The pancreas is an organ positioned behind the stomach that produces hormones like insulin to regulate blood sugar and generates digestive enzymes. When the pancreas becomes inflamed, a condition known as pancreatitis, it can lead to complications. One such complication is the formation of a pancreatic pseudocyst, a collection of fluid that develops near the organ.
What Exactly is a Pancreatic Pseudocyst
A pancreatic pseudocyst is a localized fluid collection rich in pancreatic enzymes, blood, and other fluids, forming in or around the pancreas. These collections vary significantly in size, often ranging from a few centimeters to more than 10 centimeters in diameter. They are frequently located adjacent to the pancreas, sometimes in the lesser sac behind the stomach.
The structure is not considered a true cyst, which is why the term “pseudo” is used. A true cyst possesses a distinct, internal lining of epithelial cells, a feature the pseudocyst wall lacks. Instead, the pseudocyst is encapsulated by a layer of fibrous and granulation tissue that forms in response to inflammation.
The fluid contents are highly concentrated with digestive enzymes, such as amylase and lipase, which have leaked from the damaged pancreatic duct. This collection takes time to organize, typically forming a well-defined fibrous wall approximately four to six weeks following the initial damage. This wall contains the fluid, separating it from the rest of the abdominal cavity.
Why Do They Form
The underlying mechanism for pseudocyst formation is the leakage of pancreatic juice and enzymes from a damaged ductal system into the surrounding tissues. This leakage most commonly occurs as a complication following acute pancreatitis or as a feature of chronic pancreatitis. When pancreatic enzymes escape the duct, they begin to irritate and digest the nearby tissue.

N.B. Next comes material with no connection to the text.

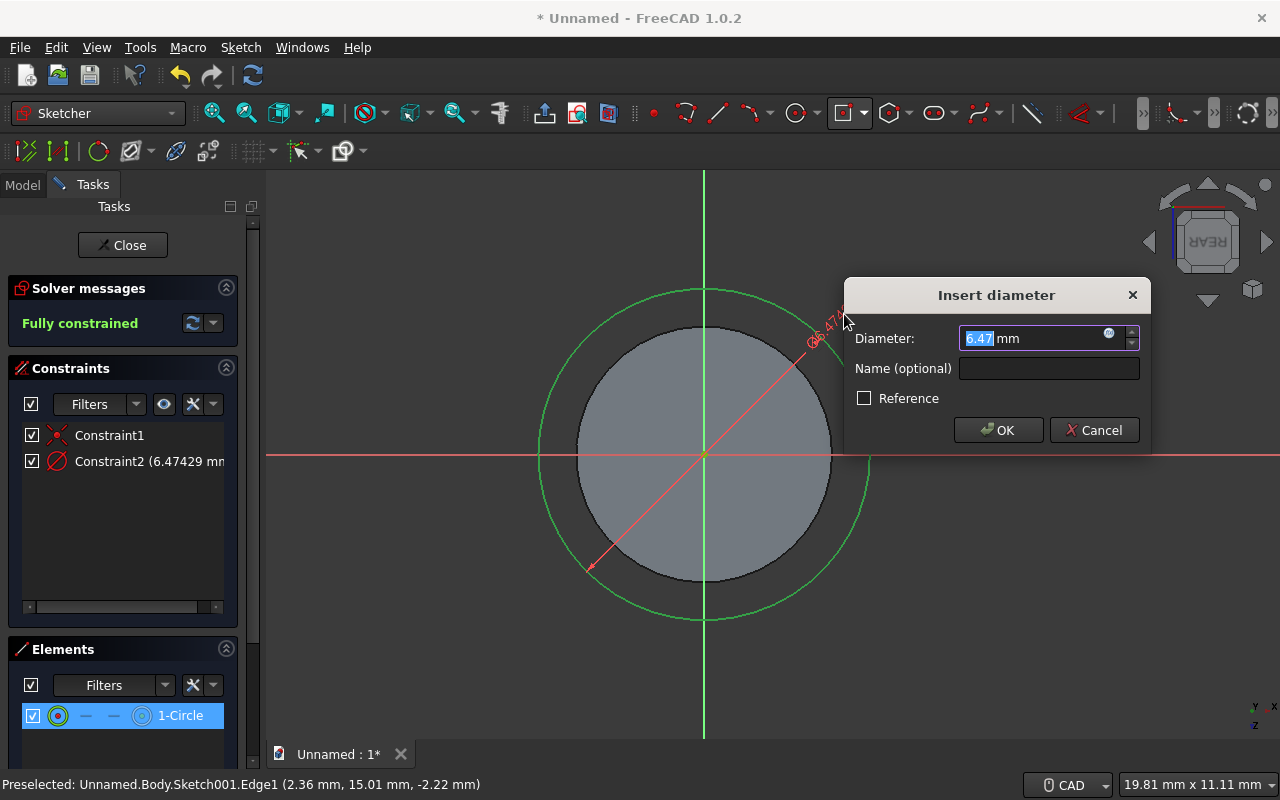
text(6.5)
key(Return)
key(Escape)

The majority of pseudocysts are linked to pancreatitis caused by factors such as excessive alcohol consumption or gallstones obstructing the bile duct. Severe inflammation increases pressure within the ducts, which can lead to rupture or disruption. The body’s inflammatory response then attempts to wall off the leaked fluid, resulting in the formation of the fibrous capsule.
While pancreatitis is the most frequent precursor, pseudocysts can also develop following significant abdominal trauma that causes direct injury to the pancreas or its duct. This injury allows pancreatic fluid to escape, triggering the same inflammatory containment response. In children, abdominal trauma is a more common cause compared to adults.
What Symptoms Should I Look For
A pancreatic pseudocyst can produce a range of symptoms, or remain completely asymptomatic, particularly if the collection is small. The most common complaint is persistent or severe abdominal pain, which often radiates to the back. Patients may also experience abdominal fullness or bloating.
Other frequent symptoms include nausea, vomiting, and a noticeable loss of appetite, which can lead to unexplained weight loss. If the pseudocyst grows large enough, a physician may detect a palpable mass during a physical examination. These symptoms generally develop several weeks after the initial episode of pancreatitis.
More severe symptoms indicate a complication, such as the pseudocyst pressing on adjacent organs or blood vessels. Compression of the bile duct can cause jaundice, a yellowing of the skin and eyes. Pressure on the stomach or small intestine can lead to difficulty eating or digesting food. A sudden worsening of pain, fever, or signs of infection require immediate medical attention, as they can signal a rupture or internal bleeding.
How Doctors Confirm and Treat the Condition
Diagnosis typically begins with a review of the patient’s history of pancreatitis and a physical examination. Imaging studies are then used to confirm the presence, size, and location of the fluid collection. The preferred initial imaging method is often a contrast-enhanced Computed Tomography (CT) scan, which clearly visualizes the well-defined, fluid-filled mass near the pancreas.
Magnetic Resonance Imaging (MRI) and Endoscopic Ultrasound (EUS) are also utilized. These offer detailed images that help differentiate a pseudocyst from other cystic lesions, such as those that might be cancerous. In complex cases, EUS can guide a fine needle to sample the fluid, which is then analyzed for high levels of pancreatic enzymes like amylase.
Management begins with watchful waiting for small, asymptomatic collections. Many pseudocysts, particularly those under six centimeters, resolve spontaneously without intervention. If the pseudocyst is large, causes persistent symptoms, or has not resolved after six weeks, drainage is usually recommended.
The most common interventional approach is endoscopic drainage, a minimally invasive procedure. This uses an endoscope guided by EUS to create a connection between the pseudocyst and the stomach or small intestine, allowing the fluid to drain internally. Alternatively, a percutaneous drainage catheter can be placed through the skin and into the cyst, a method often favored if the collection is infected.
Surgical drainage, such as a cyst-jejunostomy, involves creating a permanent connection between the cyst and a loop of the small intestine for continuous internal drainage. While surgery was historically the standard, it is now typically reserved for cases where endoscopic drainage has failed or when the cyst is anatomically complex. The choice of treatment depends heavily on the size, symptoms, and communication of the pseudocyst with the pancreatic duct.